BI 655066 is a *humanized monoclonal antibody* specific to IL-23 p19; this
means that BI655066 neutralizes a protein *IL-23 p19*, which is involved in the
progression of Crohn*s disease. Neutralizing this protein will have effect in
less decrease of the health condition of subjects with Crohn*s disease.
Research physicians will be allowed only to include subjects where the current
therapy standard is ineffective or not effective enough as of effective date of
local AM1 for the Netherlands.
Study objective
the main objectives of the study are to evaluate the efficacy of different
doses of BI655066
+
to evaluate the pharmacokinetics (how the body handles the study drug) and
pharmacokinetics (interaction of the study drug with the body) for subjects
with Crohn's disease.
Study design
This study consists of 3 parts:
Period 1
The score of the Crohn's Disease Activity Index (CDAI) will be assessed by the
research physician to determine a subjects eligibility for the trial.
In part 1 subjects will ave a chance of 1:1:1 of assignment to one of the
treatment arms of the study, on top of their use of standard of care
medication.
(placebo : 200mg BI655066 : 600mg BI655066)
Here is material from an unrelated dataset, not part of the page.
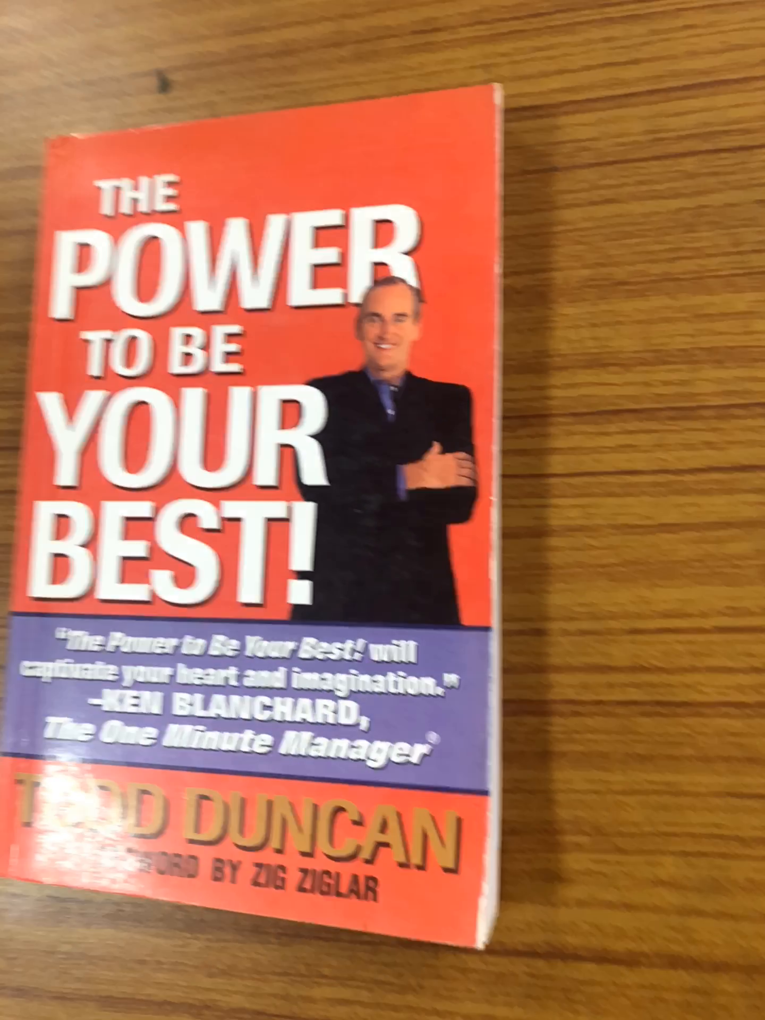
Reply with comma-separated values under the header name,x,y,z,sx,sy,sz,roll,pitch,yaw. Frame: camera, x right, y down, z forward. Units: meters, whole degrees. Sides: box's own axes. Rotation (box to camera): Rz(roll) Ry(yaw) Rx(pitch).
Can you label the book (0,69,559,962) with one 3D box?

During the first 12 weeks (period 1) medication (or placebo) will be
administered on the randomisation visit, after 2 weeks and after 12 weeks.
Period 2
After the first period the research physician will determine the Crohn's
Disease Activity Index (CDAI) again at visit 6 of period 1, to assess
eligibility for period 2.
a) Whenever a subject reached "deep remission" (definition, see study
protocol), a period of 14 weeks "washout" (=no drug) will start. This is
expected to be acceptable due to the long T1/2 time of BI655066. Subjects will
be monitored during this period as well; in case of " flare-ups" of the
disease, a change to active treatment is possible.
or
b) Whenever a subject did not reach "deep remission", active treatment with the
highest dose of BI655066 will be started. this will be irrespective of the
treatment a subject received during the first 12 weeks.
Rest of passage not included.